In 2007, the centenary of Daphne du Maurier's birth, the Exeter Cornwall campus' main building was named after the writer and the centenary festival included an international academic conference, with an invited reception by the du Maurier family at Ferryside and a special edited volume of the journal Women: A Cultural Review.

At the Daphne du Maurier Festival 2009, Cornwall-based academics ran a successful series of literary talks in the Fowey Town Hall, known as the "Exeter University Sessions", covering topics such as Sabine Baring-Gould and his werewolf stories, Cornish women scientists and William Golding. This year, the university launched its Arts and Culture Strategy, aimed at closer formal relationships with the arts community with which its research and teaching have long engaged.

The festival was part of its Cornwall profile-raising. More sessions were held, together with life writing workshops; Fowey Hotel hosted a specially composed play about Gerald du Maurier, Peter Pan and the young writer Daphne; and, as an extension of the festival's geographic reach, the Tremough Campus held a day of events on subjects ranging from John Keats and the West Country, myths of wrecking and piracy, and Laura Knight and the Newlyn School, with Sarah Dunant and Louis de Bernières as star turns.

This is a moderately sized 10-day festival on a small site, funded mainly by Cornwall Council but also supported by bookshops, Virago Press and local businesses. As part of the council's budget review (even before the draconian cuts were announced), an economic impact study of the 2010 festival was commissioned, the results of which will feed into deliberations about future funding.

In 2009, the National Coordinating Centre for Public Engagement held a seminar on universities and festivals, gathering evidence and ideas about the relationship between the two. The NCCPE has established with the University of Cambridge a Festivals Research Project to explore the involvement of students in festivals, and devise models for effective engagement. The aim is to develop case studies, provide a research toolkit for public engagement ambassadors to use in evaluation of festival activity, and create short-term student volunteering opportunities.

One example at this year's festival was a recent Exeter English graduate, Beatrice Underwood, who gave a well-attended talk on popular novelist Rosamunde Pilcher's fictional Cornwall and its huge impact on German tourism to the UK.

It may seem absurd at this sober time to advocate the growth of university-supported festivals.
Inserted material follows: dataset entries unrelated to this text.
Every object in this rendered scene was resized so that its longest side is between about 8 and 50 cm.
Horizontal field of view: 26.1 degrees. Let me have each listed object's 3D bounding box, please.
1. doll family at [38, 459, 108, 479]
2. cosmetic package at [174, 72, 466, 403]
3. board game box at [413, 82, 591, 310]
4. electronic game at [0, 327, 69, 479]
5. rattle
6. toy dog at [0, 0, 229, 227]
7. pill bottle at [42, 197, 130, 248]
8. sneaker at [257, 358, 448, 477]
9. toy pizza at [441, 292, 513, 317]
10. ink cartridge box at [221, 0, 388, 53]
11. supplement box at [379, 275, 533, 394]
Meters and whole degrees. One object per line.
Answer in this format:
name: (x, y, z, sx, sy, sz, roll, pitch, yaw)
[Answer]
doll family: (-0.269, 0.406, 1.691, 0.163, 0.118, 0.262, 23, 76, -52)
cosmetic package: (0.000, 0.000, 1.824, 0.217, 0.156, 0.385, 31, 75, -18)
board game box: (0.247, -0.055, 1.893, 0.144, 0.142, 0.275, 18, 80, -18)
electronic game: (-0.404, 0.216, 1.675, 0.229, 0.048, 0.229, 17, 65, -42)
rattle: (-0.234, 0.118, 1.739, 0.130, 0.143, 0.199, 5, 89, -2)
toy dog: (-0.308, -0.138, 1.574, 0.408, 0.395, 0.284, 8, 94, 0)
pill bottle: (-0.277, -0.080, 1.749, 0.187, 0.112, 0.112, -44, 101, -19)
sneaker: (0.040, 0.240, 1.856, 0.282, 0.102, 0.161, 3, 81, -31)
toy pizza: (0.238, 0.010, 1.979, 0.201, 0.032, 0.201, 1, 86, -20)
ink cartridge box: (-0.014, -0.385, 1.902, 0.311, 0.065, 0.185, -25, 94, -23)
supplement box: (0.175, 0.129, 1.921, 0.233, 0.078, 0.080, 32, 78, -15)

Threats of large cuts across the public sector, with the Arts Council and universities having ruthlessly to prioritise, may suggest a retrenchment of non-essential cultural activities. But as the Arts Council chair, Liz Forgan, has reminded us, recessionary times are precisely when the arts come into their own and are more vital than ever. Like other kinds of cultural event, festivals can raise spirits, offer platforms for debate and refocusing of future possibilities, and bring together international artists and audiences to refresh our imaginations.

The literature festival - even if often criticised for its predominantly white, female and ageing audiences - has a large and growing popular appeal to the general public with which universities must remain in dialogue. In hard times, arts organisations are eager to work together to maximise resources and maintain high-profile events, especially outside London, in the run-up to the Olympics. The demoralising disappearance of essential funds and sponsors can be countered by university-led or -bolstered initiatives that support local, regional and national communities to struggle through the lean months and years to come.